We now dive deeper. Significant digits are all digits that are not zero, plus zeros that are to the right of the first non-zero digit. For example, the number 0.00502 has three significant digits. Significant digits should supply information on the precision of a reported value. The last significant digit, that is the rightmost one, is the digit that we might be wrong about but it is still the best guess we have for the accurate value. To find what should be considered significant digits we will use a rule based on the precision (repeatability) of the estimate. The precision of a value is the repeatability of the measurement, given by the standard deviation or in the case of an average, by the standard error. If the above sentence confuses you, be assured that you are in good company. Keep on reading and make a mental note to visit Wikipedia at your leisure for these confusing terms as we do ourselves repeatedly.
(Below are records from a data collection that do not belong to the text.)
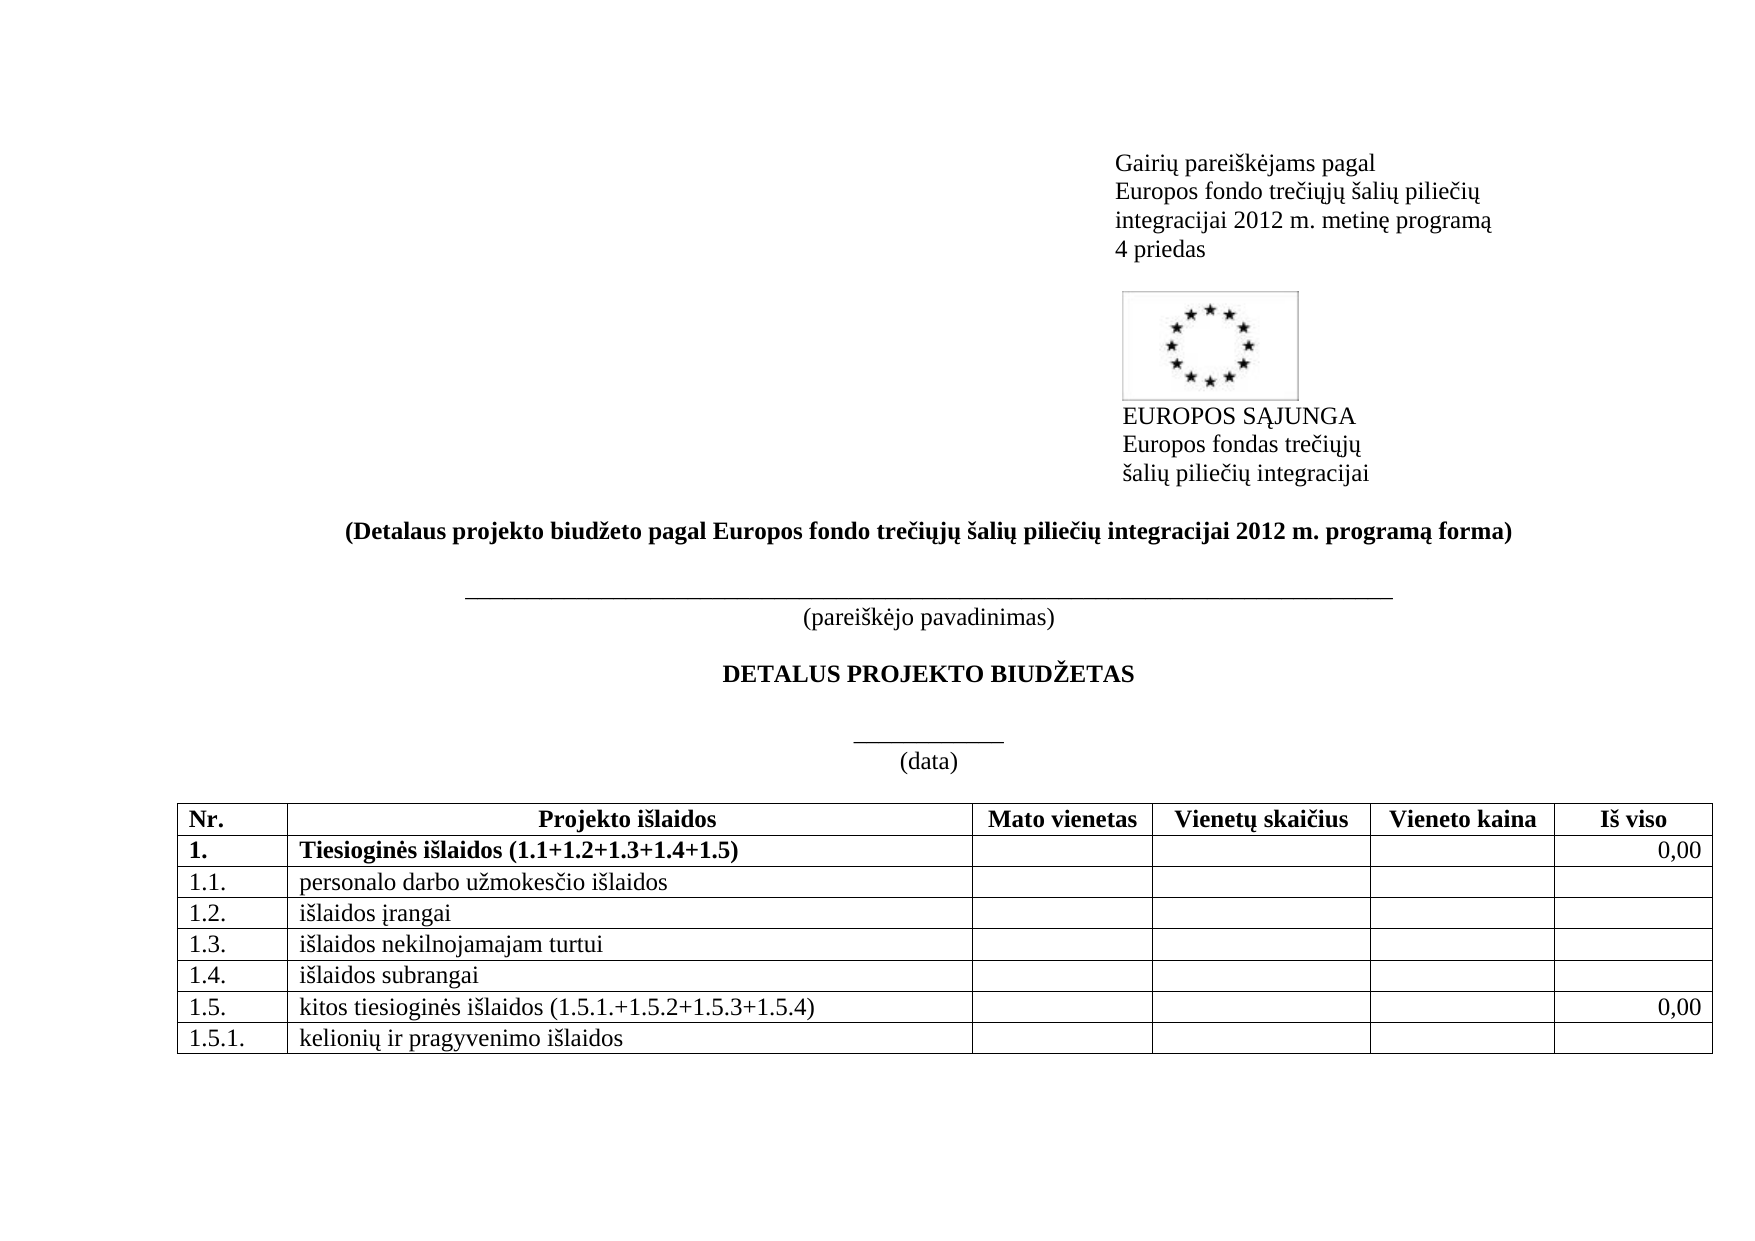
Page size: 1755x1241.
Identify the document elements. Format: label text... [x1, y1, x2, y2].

table_cell [1371, 898, 1554, 928]
text (pareiškėjo pavadinimas) [177, 602, 1680, 631]
table_cell išlaidos subrangai [288, 961, 972, 991]
table_cell išlaidos nekilnojamajam turtui [288, 929, 972, 959]
table_cell personalo darbo užmokesčio išlaidos [288, 867, 972, 897]
table_cell [1555, 961, 1712, 991]
text (data) [177, 746, 1680, 774]
text integracijai 2012 m. metinę programą [1115, 205, 1680, 234]
table_header Vienetų skaičius [1153, 804, 1370, 834]
table_cell [973, 961, 1152, 991]
table_cell [1371, 836, 1554, 866]
text (Detalaus projekto biudžeto pagal Europos fondo trečiųjų šalių piliečių integracijai 2012 m. programą forma) [177, 516, 1680, 544]
table_cell [1153, 992, 1370, 1022]
table_cell [1153, 1023, 1370, 1053]
table_cell [1555, 1023, 1712, 1053]
table_cell [1371, 961, 1554, 991]
table_cell [973, 1023, 1152, 1053]
table_cell 1.2. [178, 898, 287, 928]
table_cell [1555, 867, 1712, 897]
table_cell [973, 929, 1152, 959]
text Gairių pareiškėjams pagal [1115, 148, 1680, 176]
table_cell 0,00 [1555, 992, 1712, 1022]
table_header Iš viso [1555, 804, 1712, 834]
text Europos fondo trečiųjų šalių piliečių [1115, 176, 1680, 205]
table_cell [973, 992, 1152, 1022]
table_header Mato vienetas [973, 804, 1152, 834]
text 4 priedas [1115, 234, 1680, 263]
text ____________ [177, 717, 1680, 746]
table_cell [1555, 929, 1712, 959]
table_cell [1371, 992, 1554, 1022]
table_cell [1153, 867, 1370, 897]
table_header Nr. [178, 804, 287, 834]
table_cell [1371, 1023, 1554, 1053]
table_cell [973, 867, 1152, 897]
table_cell išlaidos įrangai [288, 898, 972, 928]
table_cell [1153, 929, 1370, 959]
table_cell [1371, 929, 1554, 959]
text Europos fondas trečiųjų [1122, 429, 1680, 458]
table_cell [973, 836, 1152, 866]
table_cell 1.5. [178, 992, 287, 1022]
table_header Vieneto kaina [1371, 804, 1554, 834]
table_cell [1153, 898, 1370, 928]
text _ [177, 573, 1680, 602]
table_cell Tiesioginės išlaidos (1.1+1.2+1.3+1.4+1.5) [288, 836, 972, 866]
table_cell 1.5.1. [178, 1023, 287, 1053]
table_cell [1153, 961, 1370, 991]
table_cell [1371, 867, 1554, 897]
table_cell 1.3. [178, 929, 287, 959]
table_cell [1555, 898, 1712, 928]
text DETALUS PROJEKTO BIUDŽETAS [177, 659, 1680, 688]
table_header Projekto išlaidos [288, 804, 972, 834]
table_cell kitos tiesioginės išlaidos (1.5.1.+1.5.2+1.5.3+1.5.4) [288, 992, 972, 1022]
table_cell [1153, 836, 1370, 866]
table_cell [973, 898, 1152, 928]
table_cell 1.1. [178, 867, 287, 897]
text šalių piliečių integracijai [1122, 458, 1680, 487]
table_cell 0,00 [1555, 836, 1712, 866]
text EUROPOS SĄJUNGA [1122, 401, 1680, 429]
table_cell kelionių ir pragyvenimo išlaidos [288, 1023, 972, 1053]
table_cell 1. [178, 836, 287, 866]
table_cell 1.4. [178, 961, 287, 991]

Going back to the example above of counting mitochondria, a calculator will yield a standard deviation of 4.0552… The rule we follow is to report the uncertainty with one significant digit. Thus 4.0552 is rounded to 4 and we report our estimate of the average simply as 26, or more rigorously as 26±4. The last significant digit reported in the average (in this case 6) is at the same decimal position as the first significant digit of the standard error (in this case 4). We note that a leading 1 in some conventions does not count as a significant digit (e.g., writing 123 with one significant digit will be 120) and that in some cases it is useful to report the uncertainty with two digits rather than just one but that should not bother us further at this point. But be sure to stay away from using three or more digits in the uncertainty range. Anyone further interested can read a whole report (http://tinyurl.com/nwte4l5) from the Society of Metrology, the science of measurement.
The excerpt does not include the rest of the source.